Did This: Ezell - Ballad of a Land Man


Bob Martin as Ezell Holding the Tree at Clear Creek Photo by Yamil Rodriguez
Bob Martin as Ezell Photo by Yamil Rodriguez

Performance: Ezell: Ballad of a Land Man

Date: October 5th 2019

Organization: Clear Creek Creative

Key People: Bob Martin, Actor. Carrie Brunk, Producer. Nick Slie, Director.

Location: Clear Creek, Disputanta Kentucky

I watch Ezell: Ballad of a Land Man as a searing pain washed through my right arm like ocean waves at high tide, and still my attention was rapped.


While audience of about 40 people was quietly being seated on bleachers after a contemplative hike to the outdoor stage site, a bee came hovering near my young son and me. I tried to gently coax it away. But, it stung me, then hung stuck and squirming in my arm for a moment before flying directly into my drink. I whispered a four-letter response. I was reluctant to dump my drink, knowing the next hour or so would be spent sitting through a performance and then another slow hike back downhill. So, I fished the bugger out and let it buzz off.

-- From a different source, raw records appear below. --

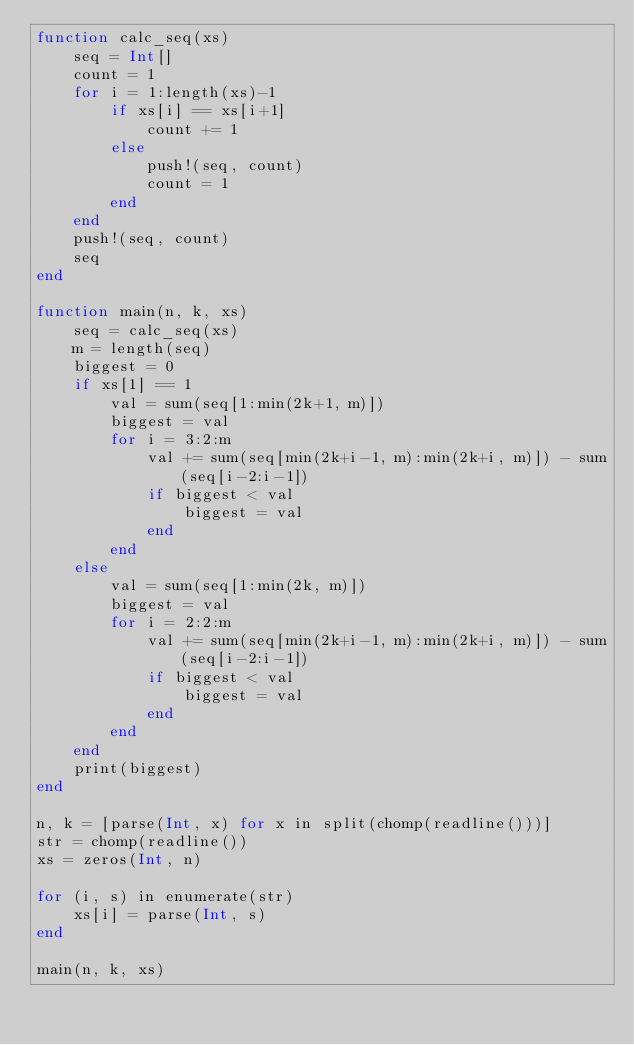Convert code to text. <code><loc_0><loc_0><loc_500><loc_500><_Julia_>function calc_seq(xs)
    seq = Int[]
    count = 1
    for i = 1:length(xs)-1
        if xs[i] == xs[i+1]
            count += 1
        else
            push!(seq, count)
            count = 1
        end
    end
    push!(seq, count)
    seq
end

function main(n, k, xs)
    seq = calc_seq(xs)
    m = length(seq)
    biggest = 0
    if xs[1] == 1
        val = sum(seq[1:min(2k+1, m)])
        biggest = val
        for i = 3:2:m
            val += sum(seq[min(2k+i-1, m):min(2k+i, m)]) - sum(seq[i-2:i-1])
            if biggest < val
                biggest = val
            end
        end
    else
        val = sum(seq[1:min(2k, m)])
        biggest = val
        for i = 2:2:m
            val += sum(seq[min(2k+i-1, m):min(2k+i, m)]) - sum(seq[i-2:i-1])
            if biggest < val
                biggest = val
            end
        end
    end
    print(biggest)
end

n, k = [parse(Int, x) for x in split(chomp(readline()))]
str = chomp(readline())
xs = zeros(Int, n)

for (i, s) in enumerate(str)
    xs[i] = parse(Int, s)
end

main(n, k, xs)</code> 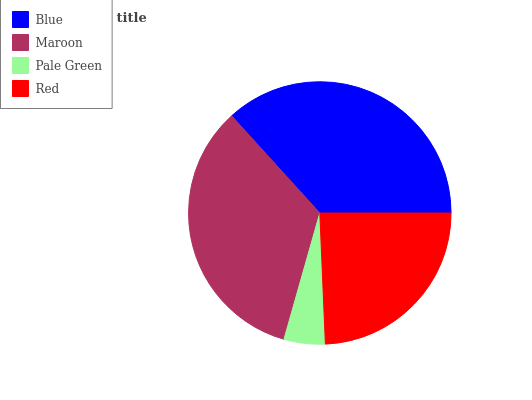Is Pale Green the minimum?
Answer yes or no. Yes. Is Blue the maximum?
Answer yes or no. Yes. Is Maroon the minimum?
Answer yes or no. No. Is Maroon the maximum?
Answer yes or no. No. Is Blue greater than Maroon?
Answer yes or no. Yes. Is Maroon less than Blue?
Answer yes or no. Yes. Is Maroon greater than Blue?
Answer yes or no. No. Is Blue less than Maroon?
Answer yes or no. No. Is Maroon the high median?
Answer yes or no. Yes. Is Red the low median?
Answer yes or no. Yes. Is Pale Green the high median?
Answer yes or no. No. Is Blue the low median?
Answer yes or no. No.

It seemed a fitting prelude to the story about to unfold through Bob Martin's one-man performance exploring the human entanglement with nature, and the reflex for self-preservation that sometimes overpowers the need for natural conservation. Martin plays Ezell, a “land man” who tries to fund a noble ambition to reclaim family land by convincing his kinfolk to sell the natural gas extraction rights under theirs. It would allow a company to begin “fracking,” shooting water and other additives up to two miles down into the ground at pressures strong enough to crack rock and cause earthquakes.

Having watched Ezell’s evolution from a dispossessed, adventurous little boy to a war-scarred divorcee and estranged father, you want him to win. You want to believe as much as he does that there is a way to commodify and sell off some of nature while finding peace and redemption from the rest.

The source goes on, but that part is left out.